I've written a very naive (and crappy) patch to show how adding
memorization to get_actual_variable_range() could help the planner on
scenarios with a big number of joins.
For the previous example,
> explain (analyze, buffers)
> select * from a
> join b b1 on (b1.a = a.a)
> join b b2 on (b2.a = a.a)
> where b1.a in (1,100,10000,1000000,1000001);
each time you add a join clause the planner has to read an extra ~5[K]

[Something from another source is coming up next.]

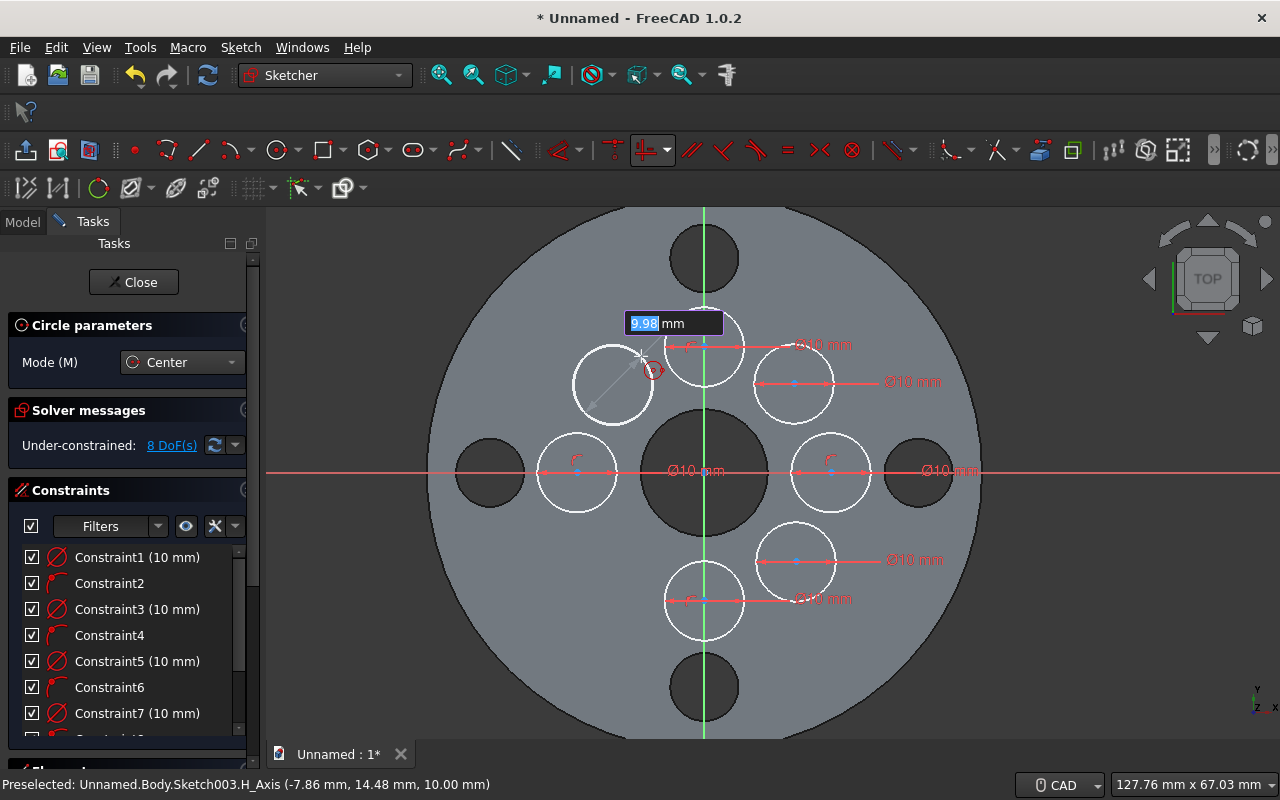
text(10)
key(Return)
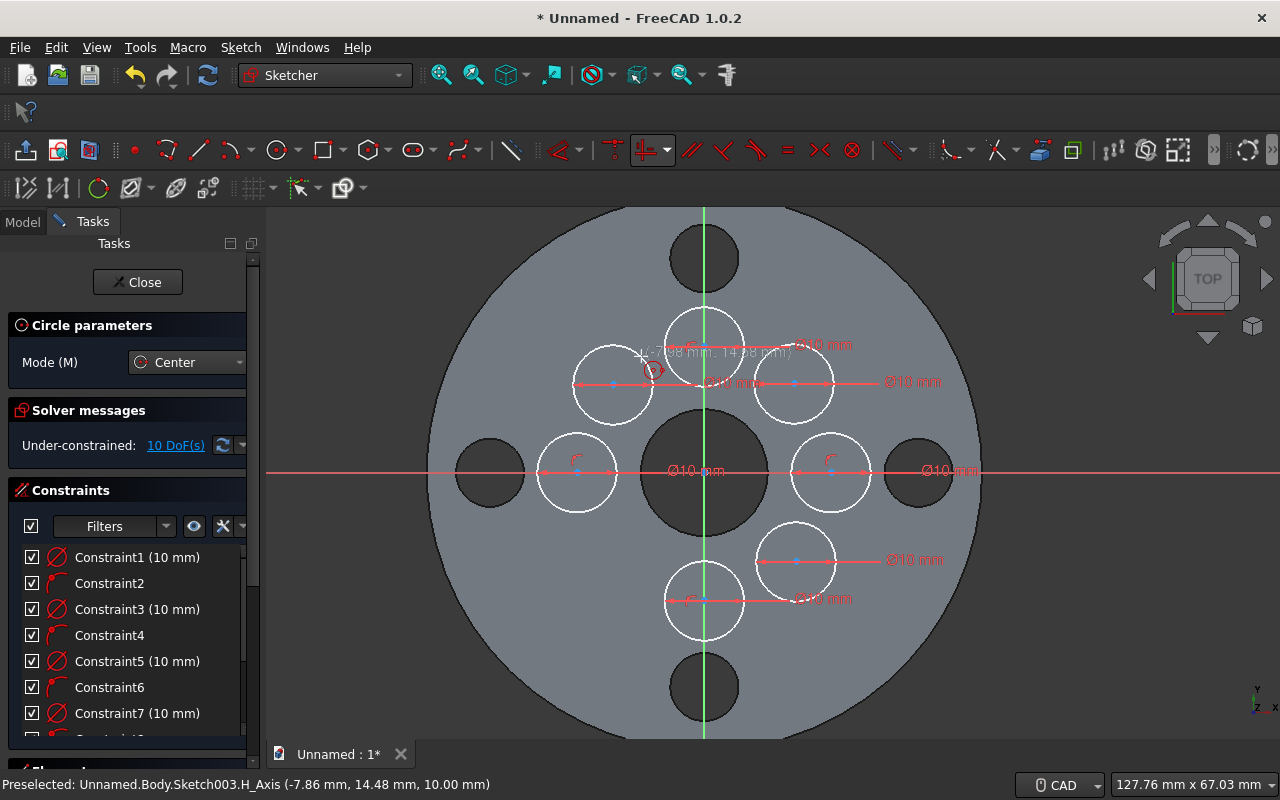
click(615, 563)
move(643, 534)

buffers and gets about 200[ms] slower.
1 join
Planning:
Buffers: shared hit=9 read=27329
Planning Time: 101.745 ms
Execution Time: 0.082 ms
2 joins
Planning:
Buffers: shared hit=42 read=81988
Planning Time: 303.237 ms
Execution Time: 0.102 ms
3 joins
Planning:
Buffers: shared hit=94 read=136660
Planning Time: 508.947 ms
Execution Time: 0.155 ms
4 joins
Planning:
Buffers: shared hit=188 read=191322
Planning Time: 710.981 ms
Execution Time: 0.168 ms
After adding memorization the cost in buffers remains constant and the
latency deteriorates only marginally (as expected) with each join.
1 join
Planning:
Buffers: shared hit=10 read=27328
Planning Time: 97.889 ms
Execution Time: 0.066 ms
2 joins
Planning:
Buffers: shared hit=7 read=27331
Planning Time: 100.589 ms
Execution Time: 0.111 ms
3 joins
Planning:
Buffers: shared hit=9 read=27329
Planning Time: 105.669 ms
Execution Time: 0.134 ms
4 joins
Planning:
Buffers: shared hit=132 read=27370
Planning Time: 155.716 ms
Execution Time: 0.219 ms
I'd be happy to improve this patch into something better. Though I'd
like suggestions on how to do it:
I have this idea of creating a local "memorization" struct instance within
standard_planner(). That would require passing on a pointer down until
it reaches get_actual_variable_range(), which I think would be quite
ugly, if done just to improve the planner for this scenario.
Is there any better mechanism I could reuse from other modules? (utils
or cache, for example).
Without going into the merits of whether this cache will be adopted or not,
I have some comments about the code.
1. Prefer to use .patch instead of .diff, it makes it easier for browsers such as firefox to read and show the content automatically.
2. New struct?
Oid is unsigned int, lower than int64.
Better struct is:
+struct ActualVariableRangeCache {
+ int64 min_value; /* 8 bytes */
+ int64 max_value; /* 8 bytes */
+ Oid indexoid; /* 4 bytes */
+ bool has_min; /* 1 byte */
+ bool has_max; /*1 byte */
+};
+ int64 min_value; /* 8 bytes */
+ int64 max_value; /* 8 bytes */
+ Oid indexoid; /* 4 bytes */
+ bool has_min; /* 1 byte */
+ bool has_max; /*1 byte */
+};
Takes up less space.
3. Avoid use of type *long*, it is very problematic with 64 bits.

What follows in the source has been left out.